Hermès isn’t alone. Brands like Burberry, Gucci, Versace, and so many more help to cultivate the idea in society that leather bags and other accessories are luxurious and desirable. But others, like Ganni, are trying to change the narrative. Stella McCartney, for example, has never sold leather through her eponymous brand and uses novel vegan leather instead, such as apple, mushroom, and, most recently, leather made from Veuve Clicquot’s wine grape waste.

“People really don’t want to talk about the fact that the fashion industry’s biggest impact is its use of leather,” McCartney told Vogue in 2019. “The animals it kills, the toxins, the chemicals, the cutting down of rain forests, the food and water and electricity it takes to make a leather bag.” 

hermes victoria bag
The Hermès Victoria Voyage made from MycoWorks’ mushroom leather | Courtesy

Speaking about the slew of fur and exotic skin bans in the luxury market in the last few years, she added: “What’s the difference between an exotic skin and a cow skin? I don’t get it — that’s the same conversation to me. If you really mean it, stop using leather, full stop, and then you’ll see a massive, massive change in the industry’s environmental impact.”

Hermès has explored vegan leather. It launched a vegan leather alternative in partnership with Apple on the iPhone 15 and Apple Watch products released last year. In 2021, it announced a collaboration with San Francisco’s MycoWorks, a mycelium leather manufacturer. Not a vegan Birkin, but they collaborated on the Hermès Victoria bag in Sylvania, made in part from MycoWorks’ Fine Mycelium.

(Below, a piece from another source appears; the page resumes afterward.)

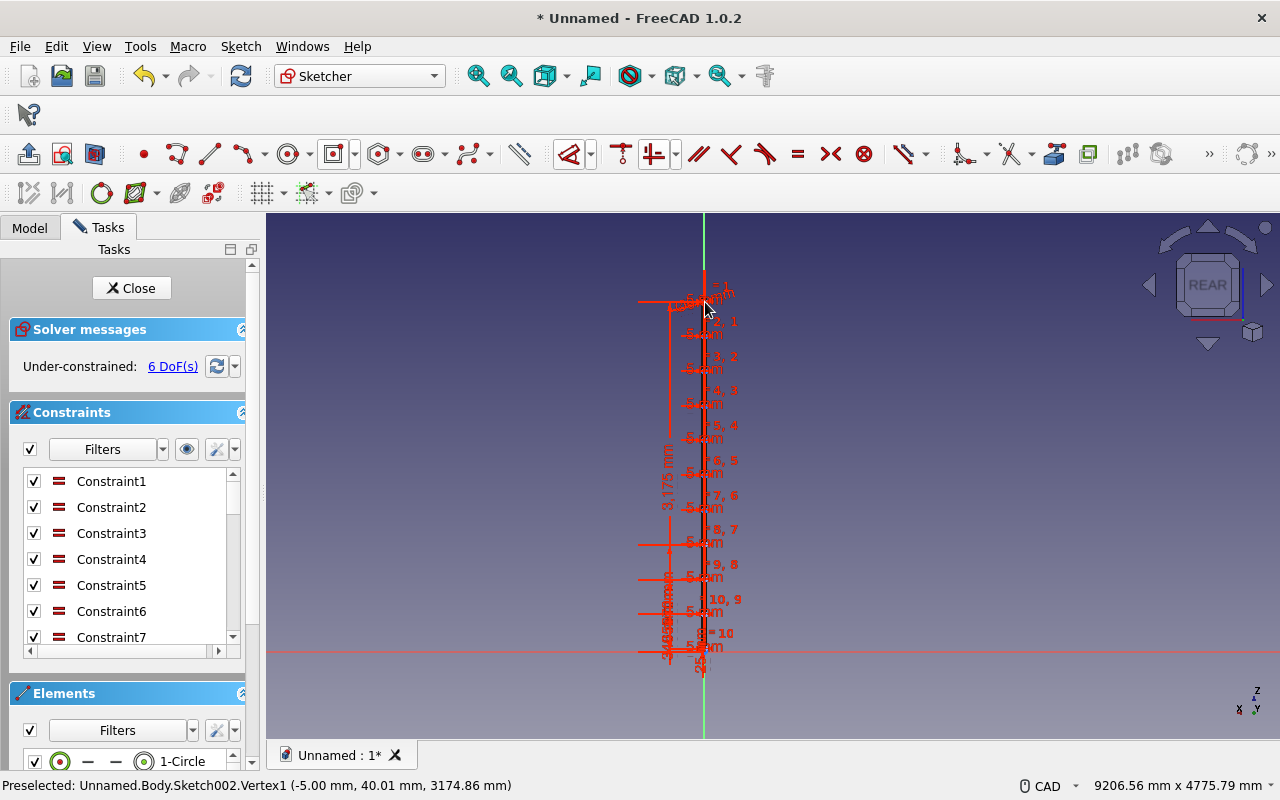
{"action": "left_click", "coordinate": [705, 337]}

And while an alternative leather Birkin made from sustainable materials has yet to be announced, it’s perhaps not a question of if, but when. At the time of the Victoria bag launch, Pierre-Alexis Dumas, Hermès Artistic Director, said MycoWorks’ vision and values echo those of Hermès: “a strong fascination with natural raw material and its transformation, a quest for excellence, with the aim of ensuring that objects are put to their best use and that their longevity is maximized. He emphasized that, with Sylvania, Hermès is “at the heart” of what it has always been: “innovation in the making.”